We just can’t decide which set we like better. There are two Gran Coupes fighting for the top spot: the M6 and the Alpina B6, both of which you can buy from a BMW dealership with a full factory warranty. Both wear the same sexy body. They have different engines, but in a weird parallel both are twin-turbocharged V-8s that crank out 600 tarmac-tearing horsepower. Even their base prices are similar. At a mere $3,400 apart, that’s a rounding error at their six-figure price points.

2016 BMW Alpina B6 xDrive Gran Coupe and 2017 BMW M6 Gran Coupe 06
DEVIL’S DETAILS They wear the same 6 Series Gran Coupe body, but the Alpina B6 (green) and BMW M6 (white) offer very different driving experiences.

Yet despite the apparent similarities, these two BMWs are the products of different compromises. Everyone knows what an M car is. You expect the M6 Gran Coupe to pummel any racetrack, dominate any back road, and obliterate everything on the autobahn. But what’s an Alpina B6? For starters, here’s what it’s not: a tuner car. At least no more so than the M6.

Alpina is no fly-by-night organization, having celebrated its 50th anniversary in 2015—a milestone M won’t hit until 2022. We’ll forgive you if you’ve never heard of Alpina.
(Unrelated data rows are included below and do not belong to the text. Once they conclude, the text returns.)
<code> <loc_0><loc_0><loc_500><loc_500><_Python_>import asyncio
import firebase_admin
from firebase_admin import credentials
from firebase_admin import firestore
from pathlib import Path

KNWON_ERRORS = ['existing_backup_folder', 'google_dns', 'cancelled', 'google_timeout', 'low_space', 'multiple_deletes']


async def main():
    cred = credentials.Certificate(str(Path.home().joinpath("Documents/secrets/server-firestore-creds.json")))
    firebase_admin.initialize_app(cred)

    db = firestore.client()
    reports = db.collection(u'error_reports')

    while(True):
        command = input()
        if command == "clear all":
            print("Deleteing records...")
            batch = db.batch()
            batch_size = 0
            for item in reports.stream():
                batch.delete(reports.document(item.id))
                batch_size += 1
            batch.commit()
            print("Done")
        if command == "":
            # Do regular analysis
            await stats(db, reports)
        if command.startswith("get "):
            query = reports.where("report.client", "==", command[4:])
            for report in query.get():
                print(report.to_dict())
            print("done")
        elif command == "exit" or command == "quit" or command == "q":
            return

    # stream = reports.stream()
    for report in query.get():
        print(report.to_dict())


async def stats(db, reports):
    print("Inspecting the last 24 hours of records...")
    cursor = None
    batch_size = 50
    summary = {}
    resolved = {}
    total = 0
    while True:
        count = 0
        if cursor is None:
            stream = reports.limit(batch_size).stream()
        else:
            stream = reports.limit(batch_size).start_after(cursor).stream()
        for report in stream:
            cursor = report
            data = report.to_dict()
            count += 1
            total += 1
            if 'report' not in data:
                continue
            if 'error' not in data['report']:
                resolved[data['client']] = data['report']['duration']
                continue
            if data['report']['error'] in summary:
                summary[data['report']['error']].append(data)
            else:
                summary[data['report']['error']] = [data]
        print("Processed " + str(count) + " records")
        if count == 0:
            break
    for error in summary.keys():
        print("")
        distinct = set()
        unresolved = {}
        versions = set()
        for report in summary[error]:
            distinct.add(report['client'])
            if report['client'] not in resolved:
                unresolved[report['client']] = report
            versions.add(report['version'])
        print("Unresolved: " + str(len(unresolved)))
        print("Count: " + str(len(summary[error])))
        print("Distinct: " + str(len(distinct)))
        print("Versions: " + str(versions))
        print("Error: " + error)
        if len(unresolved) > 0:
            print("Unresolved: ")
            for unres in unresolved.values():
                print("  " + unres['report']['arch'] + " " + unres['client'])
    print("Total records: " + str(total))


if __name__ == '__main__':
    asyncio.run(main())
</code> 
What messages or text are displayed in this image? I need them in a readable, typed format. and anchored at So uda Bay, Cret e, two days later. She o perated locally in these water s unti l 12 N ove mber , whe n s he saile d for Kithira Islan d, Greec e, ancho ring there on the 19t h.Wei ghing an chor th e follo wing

After all, the company prides itself on exclusivity, and that means not selling tens of thousands of cars every year. But you need to pay attention from here on out because (spoiler alert) the Alpina B6 is a better car than the M6. But it took us testing them head to head to figure this out.

The case for M

Decades of automotive history have forged a clear idea of what an M car should be. M originally stood for Motorsport, so a car wearing its badge will trade some of BMW’s trademark comfort for performance. An M car will have a high-revving engine, rear-wheel drive, and immediate handling. It should have a manual transmission where possible, and if not, at least no torque converter. It should be lightweight to foster nimble handling, and although its high price will make it appeal to every attorney trudging through Beverly Hills, it should feel most at home on a lonely mountain road.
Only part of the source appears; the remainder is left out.